You can also do a scatter plot of the data with
scatter(rvs[:,0],rvs[:,1])
I think you are mixing up kernel density estimation with interpolation or maybe kernel regression. KDE estimates the distribution of points if you have a larger sample of points.
I'm not sure which interpolation you want, but either the splines or rbf in scipy.interpolate will be more appropriate.
If you want one-dimensional kernel regression, then you can find a version in scikits.statsmodels with several different kernels.
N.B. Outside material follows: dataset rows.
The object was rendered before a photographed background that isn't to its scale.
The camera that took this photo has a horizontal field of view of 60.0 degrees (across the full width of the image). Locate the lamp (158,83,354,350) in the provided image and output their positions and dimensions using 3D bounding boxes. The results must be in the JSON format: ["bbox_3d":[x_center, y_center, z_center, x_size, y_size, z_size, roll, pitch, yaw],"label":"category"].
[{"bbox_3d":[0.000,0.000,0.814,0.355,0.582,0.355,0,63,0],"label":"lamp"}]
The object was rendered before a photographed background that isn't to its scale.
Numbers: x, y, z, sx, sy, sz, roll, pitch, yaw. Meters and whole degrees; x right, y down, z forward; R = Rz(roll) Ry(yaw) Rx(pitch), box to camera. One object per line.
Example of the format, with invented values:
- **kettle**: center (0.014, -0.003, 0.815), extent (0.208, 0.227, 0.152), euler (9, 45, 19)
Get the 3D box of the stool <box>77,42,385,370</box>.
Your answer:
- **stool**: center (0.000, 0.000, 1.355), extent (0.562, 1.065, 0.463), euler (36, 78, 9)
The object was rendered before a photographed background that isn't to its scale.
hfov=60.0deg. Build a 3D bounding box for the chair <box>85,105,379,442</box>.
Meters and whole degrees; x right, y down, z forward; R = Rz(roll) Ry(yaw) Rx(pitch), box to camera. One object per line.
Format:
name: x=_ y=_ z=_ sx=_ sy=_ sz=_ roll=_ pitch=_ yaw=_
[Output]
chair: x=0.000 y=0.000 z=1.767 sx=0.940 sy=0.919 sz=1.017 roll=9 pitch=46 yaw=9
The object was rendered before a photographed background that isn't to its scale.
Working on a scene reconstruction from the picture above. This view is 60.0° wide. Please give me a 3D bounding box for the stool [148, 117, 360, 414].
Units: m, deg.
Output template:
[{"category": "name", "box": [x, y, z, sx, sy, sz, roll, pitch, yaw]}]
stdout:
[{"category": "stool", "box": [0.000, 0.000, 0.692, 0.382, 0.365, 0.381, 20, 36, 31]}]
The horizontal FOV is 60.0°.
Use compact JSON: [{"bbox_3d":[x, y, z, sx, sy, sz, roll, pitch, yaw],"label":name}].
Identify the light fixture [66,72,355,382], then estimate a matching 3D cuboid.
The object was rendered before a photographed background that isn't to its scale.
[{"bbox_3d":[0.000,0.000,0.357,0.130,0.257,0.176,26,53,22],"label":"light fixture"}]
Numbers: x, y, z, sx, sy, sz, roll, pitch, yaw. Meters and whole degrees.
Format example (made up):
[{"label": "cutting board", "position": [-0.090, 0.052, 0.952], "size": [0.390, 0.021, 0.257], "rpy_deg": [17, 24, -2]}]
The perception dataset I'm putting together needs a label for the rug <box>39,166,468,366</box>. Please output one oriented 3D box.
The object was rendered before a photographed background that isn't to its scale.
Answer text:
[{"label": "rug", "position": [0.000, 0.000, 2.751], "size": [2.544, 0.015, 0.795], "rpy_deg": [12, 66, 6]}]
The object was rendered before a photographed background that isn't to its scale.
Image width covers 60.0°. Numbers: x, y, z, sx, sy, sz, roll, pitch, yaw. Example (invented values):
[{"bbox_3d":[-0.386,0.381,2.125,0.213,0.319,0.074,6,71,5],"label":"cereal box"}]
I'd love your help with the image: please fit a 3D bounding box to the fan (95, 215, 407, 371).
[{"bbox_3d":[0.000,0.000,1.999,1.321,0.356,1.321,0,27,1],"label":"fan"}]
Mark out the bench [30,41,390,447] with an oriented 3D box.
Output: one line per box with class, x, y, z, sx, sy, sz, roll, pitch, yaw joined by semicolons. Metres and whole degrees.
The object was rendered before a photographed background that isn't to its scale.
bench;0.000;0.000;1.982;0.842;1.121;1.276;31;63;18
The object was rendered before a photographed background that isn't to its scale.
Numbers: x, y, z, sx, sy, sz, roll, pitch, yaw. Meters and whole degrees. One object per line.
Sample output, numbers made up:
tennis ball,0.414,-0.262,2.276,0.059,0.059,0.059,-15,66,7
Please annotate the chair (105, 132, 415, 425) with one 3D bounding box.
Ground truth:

update: here is an example (if this is what you want)
>>> data = 2 + 2*np.random.randn(2, 100)
>>> kde = stats.gaussian_kde(data)
>>> kde.evaluate(np.array([[1,2,3],[1,2,3]]))
array([ 0.02573917, 0.02470436, 0.03084282])
gaussian_kde has variables in rows and observations in columns, so reversed orientation from the usual in stats. In your example, all three points are on a line, so it has perfect correlation. That is, I guess, the reason for the singular matrix.
Adjusting the array orientation and adding a small noise, the example works, but still looks very concentrated, for example you don't have any sample point near (3,3):
>>> data = np.array([[1.1, 1.1],
[1.2, 1.2],
[1.3, 1.3]]).T
>>> data = data + 0.01*np.random.randn(2,3)
>>> kde = stats.gaussian_kde(data)
>>> kde.evaluate(np.array([[1,2,3],[1,2,3]]))
array([ 7.70204299e+000, 1.96813149e-044, 1.45796523e-251])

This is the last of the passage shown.